Grain report has bad news for corn and soybean stocks


Grain report released

A major grain report is out showing fewer corn and bean stocks from last year. According to the Quarterly Grain Stocks report out at the end of the September from the UUSDA, old crop corn stored in all positions was 1.24 billion bushels, down 36% from the year before.

  Based on end-of-the-year estimates, the U-S-D-A revised that number down 71 million bushels from the previous estimate as well as revising the area planted to 90.7 million acres. In beans, old crop stored in all positions was 256 million bushels, down 51% from the year before.

  Based on its end-of-year estimates that was revised 80.8 million bushels from the last estimate, with planted area revised to 83.4 million acres. The Iowa grain stocks report shows corn stored in all positions was 245 million bushels, down 32% from the year before.

USDA monthly price report

  The U-S-D-A also released Iowa’s monthly prices report..

  Average prices farmers sold corn in August was six dollars 38 cents a bushel.. sixteen cents above the July price.. and three dollars 30 cents above August of 2020..
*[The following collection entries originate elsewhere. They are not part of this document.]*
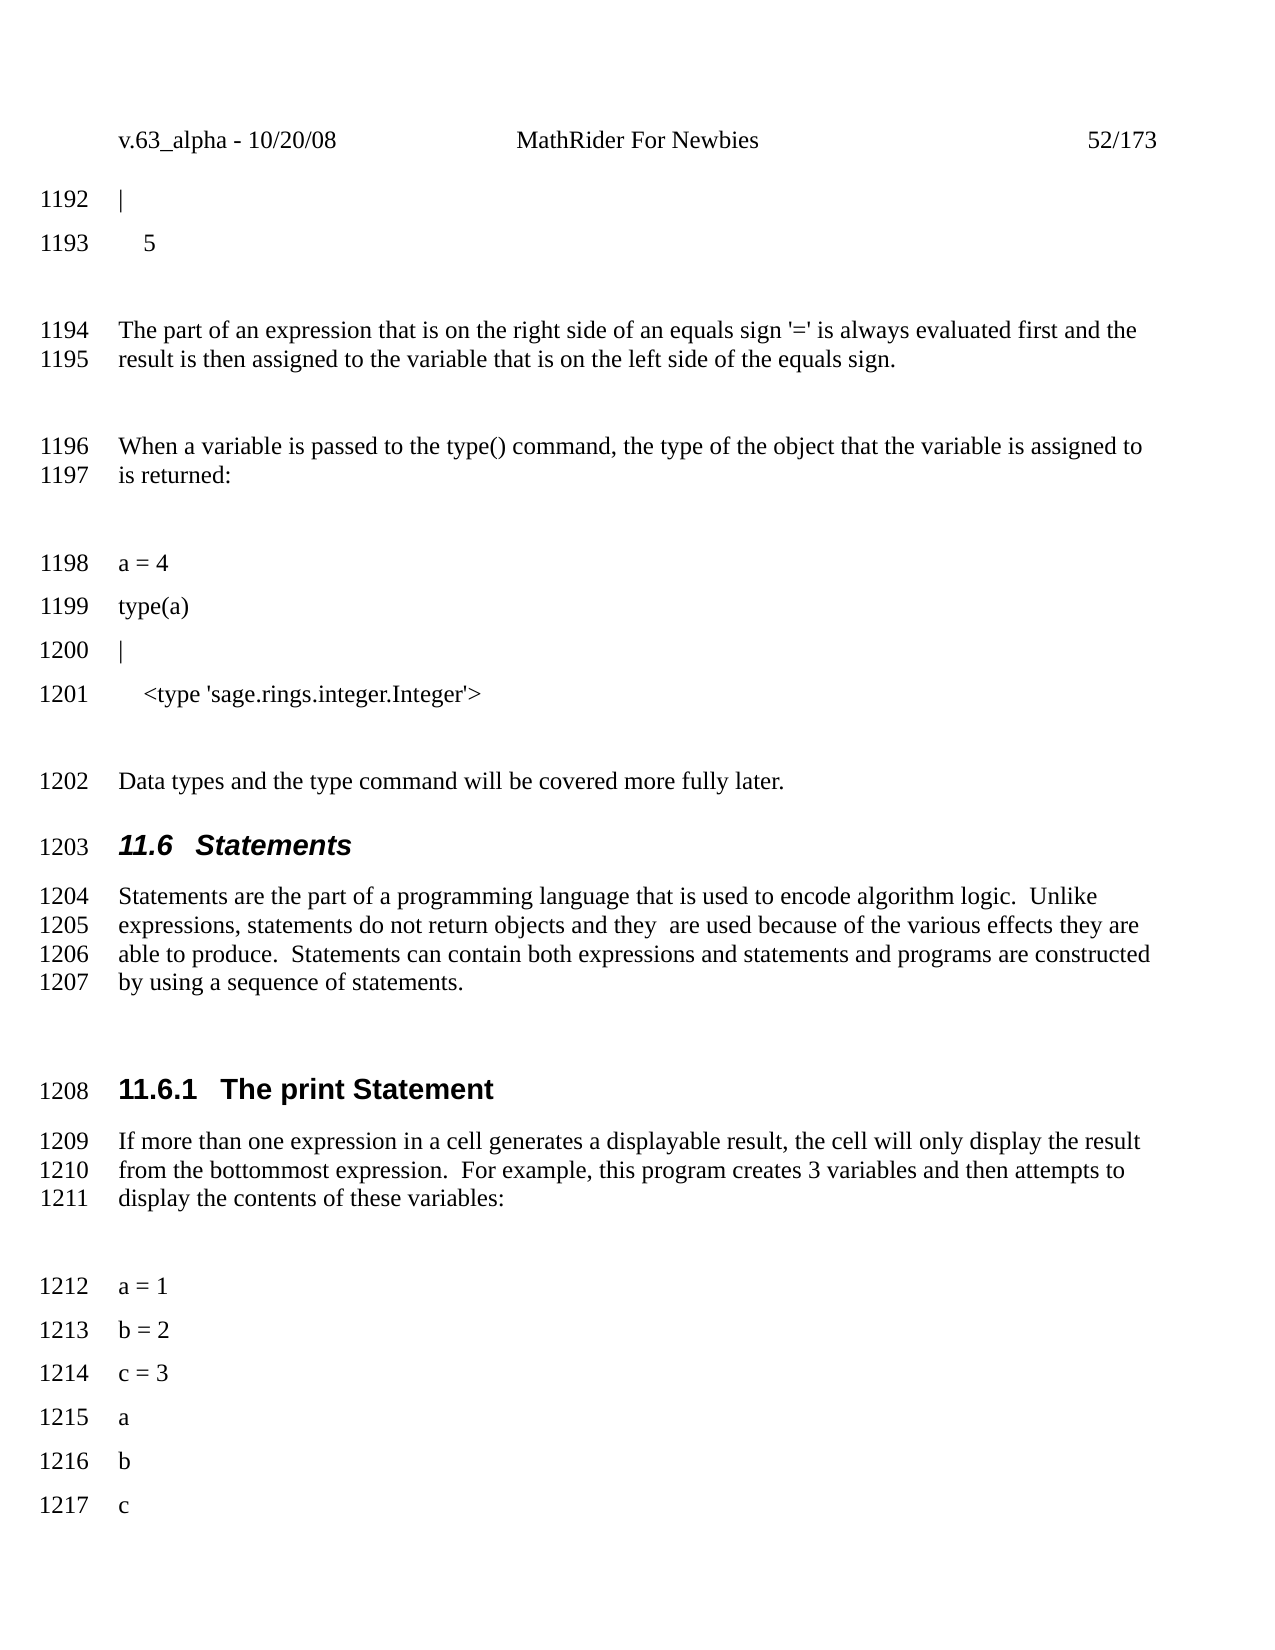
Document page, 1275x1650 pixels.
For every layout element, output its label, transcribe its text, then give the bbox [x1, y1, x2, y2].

text 5 [118, 228, 1157, 256]
text If more than one expression in a cell generates a displayable result, the cell will only display the result from the bottommost expression. For example, this program creates 3 variables and then attempts to display the contents of these variables: [118, 1126, 1157, 1212]
text When a variable is passed to the type() command, the type of the object that the variable is assigned to is returned: [118, 431, 1157, 489]
text c = 3 [118, 1358, 1157, 1387]
text b [118, 1446, 1157, 1475]
text a = 1 [118, 1271, 1157, 1300]
text a [118, 1402, 1157, 1431]
text Statements are the part of a programming language that is used to encode algorithm logic. Unlike expressions, statements do not return objects and they are used because of the various effects they are able to produce. Statements can contain both expressions and statements and programs are constructed by using a sequence of statements. [118, 881, 1157, 996]
text b = 2 [118, 1315, 1157, 1343]
text | [118, 184, 1157, 213]
text Data types and the type command will be covered more fully later. [118, 766, 1157, 795]
subtitle The print Statement [118, 1072, 1157, 1106]
text c [118, 1490, 1157, 1518]
text | [118, 635, 1157, 664]
text type(a) [118, 591, 1157, 620]
subtitle Statements [118, 828, 1157, 861]
text <type 'sage.rings.integer.Integer'> [118, 679, 1157, 708]
text a = 4 [118, 548, 1157, 576]
text The part of an expression that is on the right side of an equals sign '=' is always evaluated first and the result is then assigned to the variable that is on the left side of the equals sign. [118, 315, 1157, 373]

  Average soybeans sold in Iowa for 13 dollars 70 cents a bushel.. 70 cents below the July price but five dollars above the 2020 price..

A look at the markets

Market analyst Alan Brugler has the week recap:

“Well the corn market in particular was rallying right up until the USDA report came out on Thursday, the trade had convinced itself that most of the September grain stocks reports in the last half a dozen years had all been bullish so let’s buy it ahead of time and get in on the ride. Well USDA gave us a bearish report. They did cut last year’s corn production, there had been some thinking in the trade that some areas were a lot more deficient on corn than what USDA was showing, they were right. but on the other hand, they found more inventory in other places. On the soybean side it was definitely a bearish report. They raised old corp production more than 80 million bushels they basically were forced to do that because if on paper it say you have no beans but you have beans, then obviously there were some beans you didn’t know about. Cattle futures were under pressure all week, technical, mostly technical selling there’s a 2/3rds speedline that was broken which said you needed to go back and retest the 120 dollar on the October futures. Cash really hasn’t moved much. We have seen change int he spreads between the north and the south. USDA confirmed not only do we have fewer hogs out there but farrowing intentions are still only running 97-98 percent of a year ago meaning, hog producers are not expecting to ramp up, even if prices are in the 80s and 90s here from fairly attractive historically.”